- [WHAT THE TASK ASKS]: Would you reproduce exactly the lines below from the one holding "start_param=start_param, end_param=end_param, dxfattribs=at)" through the one holding "msp.add_open_spline(points, degree=1, dxfattribs=at)", inclusive, and no others?

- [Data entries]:
------------------------------------------------

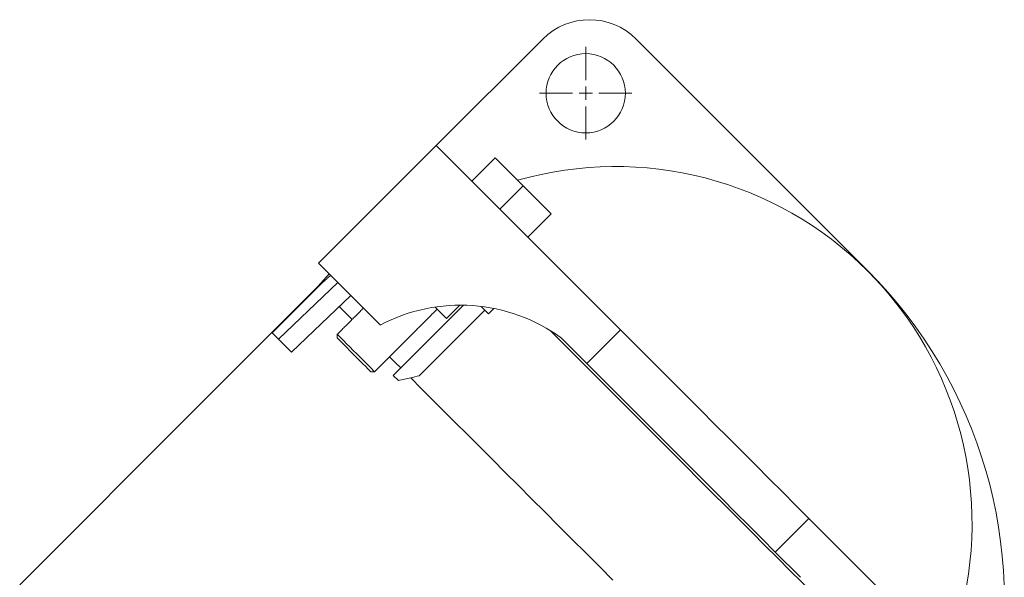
# Model space of a CAD drawing. Header units: millimetres. Extents: x 744 to 1990, y 502 to 1690.
# Tile 6 of 7: x 824 to 1196, y 1479 to 1690. Entities that reach past the tile are written whole.
import ezdxf

# ---------------------------------------------------------------- set-up
doc = ezdxf.new("R2010")
doc.units = ezdxf.units.MM

# ---------------------------------------------------------------- blocks, each defined once
blk = doc.blocks.new('SW_CENTERMARKSYMBOL_0')
at = {"color": 0, "linetype": 'Continuous', "lineweight": 0}
for p, q in [((0, 5), (0, 17.5)), ((-5, 0), (-17.5, 0)), ((0, 0), (-2.5, 0)), ((0, 0), (0, 2.5)), ((0, 0), (0, -2.5)), ((0, 0), (2.5, 0)), ((5, 0), (17.5, 0)), ((0, -5), (0, -17.5))]:
    blk.add_line(p, q, dxfattribs=at)

msp = doc.modelspace()

# ---------------------------------------------------------------- linework, layer by layer
at = {"color": 7, "linetype": 'Continuous', "lineweight": 15}
for p, q in [((1021.56, 1682.7), (981.26, 1642.4)), ((1144.6, 1595.02), (1056.92, 1682.7)), ((936.71, 1597.85), (981.26, 1642.4)), ((981.26, 1642.4), (1050.93, 1572.72)), ((1003.53, 1637.8), (994.69, 1628.96)), ((1003.53, 1637.8), (1014.14, 1627.19)), ((1014.14, 1627.19), (1005.3, 1618.36)), ((1014.14, 1627.19), (1024.74, 1616.59)), ((1024.74, 1616.59), (1015.91, 1607.75)), ((960.04, 1574.52), (936.71, 1597.85)), ((919.17, 1571.55), (938.48, 1590.87)), ((943.96, 1590.59), (921.54, 1569.18)), ((948.91, 1585.65), (926.48, 1564.23)), ((964.99, 1555.42), (991.58, 1582.01)), ((985.15, 1576.99), (980.82, 1581.32)), ((985.15, 1576.99), (990.18, 1582.02)), ((998.27, 1581.54), (999.64, 1580.17)), ((1001.06, 1578.76), (1003.07, 1580.77)), ((974.78, 1555.31), (999.64, 1580.17)), ((999.64, 1580.17), (1001.06, 1578.76)), ((921.54, 1569.18), (919.17, 1571.55)), ((926.48, 1564.23), (921.54, 1569.18)), ((1038.2, 1560), (1028.63, 1569.57)), ((1050.93, 1572.72), (1038.2, 1560)), ((964.99, 1555.42), (966.93, 1553.48)), ((1109.57, 1488.62), (1122.3, 1501.35)), ((1122.3, 1501.35), (1191.98, 1431.68)), ((1119.14, 1479.06), (1109.57, 1488.62))]:
    msp.add_line(p, q, dxfattribs=at)
at = {"color": 7, "linetype": 'Continuous', "lineweight": 15, "flags": 128}
for points in [[(936.84, 1589.23), (936.84, 1589.23), (936.77, 1589.31), (936.72, 1589.35), (936.71, 1589.36)], [(949.44, 1576.64), (947.17, 1578.9), (944.91, 1581.16), (944.57, 1581.5)], [(943.78, 1570.98), (943.81, 1570.95), (944.07, 1570.69), (944.57, 1570.19), (945.29, 1569.47), (946.22, 1568.54), (947.32, 1567.44), (948.54, 1566.22), (949.85, 1564.91), (951.19, 1563.57), (952.52, 1562.24), (953.79, 1560.97), (954.95, 1559.81), (955.97, 1558.79), (956.8, 1557.96), (957.42, 1557.34), (957.8, 1556.97), (957.92, 1556.84)], [(956.51, 1556.84), (956.38, 1556.97), (955.99, 1557.35), (955.37, 1557.98), (954.53, 1558.82), (953.51, 1559.84), (952.36, 1560.99), (951.11, 1562.24), (949.82, 1563.52), (948.55, 1564.8), (947.34, 1566), (946.25, 1567.1), (945.32, 1568.03), (944.58, 1568.77), (944.07, 1569.27), (943.81, 1569.53), (943.78, 1569.57)], [(1122.01, 1474.78), (1119.7, 1477.09), (1115.11, 1481.68), (1110.42, 1486.37), (1105.64, 1491.15), (1100.78, 1496.01), (1095.85, 1500.93), (1090.87, 1505.91), (1085.85, 1510.94), (1080.79, 1515.99), (1075.72, 1521.06), (1070.64, 1526.14), (1065.57, 1531.22), (1060.52, 1536.27), (1055.49, 1541.29), (1050.51, 1546.27), (1045.58, 1551.2), (1040.73, 1556.06), (1035.94, 1560.84), (1031.25, 1565.53), (1026.67, 1570.12), (1024.36, 1572.43)], [(1122.3, 1501.35), (1117.37, 1506.28), (1112.37, 1511.29), (1107.3, 1516.36), (1102.17, 1521.48), (1097.01, 1526.65), (1091.82, 1531.84), (1086.62, 1537.04), (1081.41, 1542.24), (1076.22, 1547.43), (1071.06, 1552.6), (1065.94, 1557.72), (1060.86, 1562.79), (1055.86, 1567.8), (1050.93, 1572.72)], [(967.82, 1558.25), (965.87, 1560.2), (963.58, 1562.49)], [(1109.57, 1488.62), (1104.65, 1493.55), (1099.64, 1498.56), (1094.57, 1503.63), (1089.45, 1508.75), (1084.28, 1513.92), (1079.09, 1519.11), (1073.89, 1524.31), (1068.69, 1529.51), (1063.5, 1534.7), (1058.33, 1539.87), (1053.21, 1544.99), (1048.14, 1550.06), (1043.13, 1555.07), (1038.2, 1560)], [(1048.12, 1477.95), (1042.98, 1483.09), (1037.83, 1488.25), (1032.67, 1493.4), (1027.53, 1498.55), (1022.41, 1503.66), (1017.34, 1508.74), (1012.32, 1513.76), (1007.36, 1518.71), (1002.48, 1523.59), (997.7, 1528.37), (993.02, 1533.05), (988.46, 1537.62), (984.02, 1542.05), (979.73, 1546.35), (975.58, 1550.49), (971.6, 1554.47)]]:
    msp.add_lwpolyline(points, dxfattribs=at)
at = {"color": 7, "linetype": 'Continuous', "lineweight": 15}
msp.add_circle((1037.83, 1662.2), 15, dxfattribs=at)
for centre, radius, start, end in [((1039.24, 1665.02), 25, 45, 135), ((1049.14, 1499.56), 134.91, 344.0464, 105.9536), ((1019.89, 1470.31), 176.37, 347.3489, 45), ((990.37, 1517.02), 65, 53.9357, 117.8091)]:
    msp.add_arc(centre, radius, start, end, dxfattribs=at)
for centre, major_axis, ratio, start_param, end_param in [((905.48, 1355.9), (175.14, 175.14), 0.57735, 0.714121, 0.73844), ((922.43, 1372.86), (163.15, 163.15), 0.574224, 0.767594, 0.785138)]:
    msp.add_ellipse(centre, major_axis=major_axis, ratio=ratio, start_param=start_param, end_param=end_param, dxfattribs=at)
for points in [[(940.7, 1593.86), (936.71, 1589.36)], [(936.71, 1589.36), (823.57, 1476.23)], [(953.68, 1580.88), (943.78, 1570.98)], [(957.92, 1556.84), (981.61, 1580.53)], [(943.78, 1570.98), (943.78, 1569.57)], [(956.51, 1556.84), (957.92, 1556.84)]]:
    msp.add_open_spline(points, degree=1, dxfattribs=at)
msp.add_open_spline([(941.22, 1593.33), (940.8, 1592.94), (939.89, 1592.11), (939, 1591.31), (938.59, 1590.96), (938.48, 1590.87)], degree=3, knots=[0, 0, 0, 0, 0.40273, 0.844953, 1, 1, 1, 1], dxfattribs=at)

# ---------------------------------------------------------------- block references
at = {"color": 7, "linetype": 'Continuous', "lineweight": 0}
msp.add_blockref('SW_CENTERMARKSYMBOL_0', (1037.83, 1662.2), dxfattribs=at)

doc.saveas('drawing.dxf')

------------------------------------------------

- [ANSWER TO THE EXERCISE]:
    msp.add_ellipse(centre, major_axis=major_axis, ratio=ratio, start_param=start_param, end_param=end_param, dxfattribs=at)
for points in [[(940.7, 1593.86), (936.71, 1589.36)], [(936.71, 1589.36), (823.57, 1476.23)], [(953.68, 1580.88), (943.78, 1570.98)], [(957.92, 1556.84), (981.61, 1580.53)], [(943.78, 1570.98), (943.78, 1569.57)], [(956.51, 1556.84), (957.92, 1556.84)]]:
    msp.add_open_spline(points, degree=1, dxfattribs=at)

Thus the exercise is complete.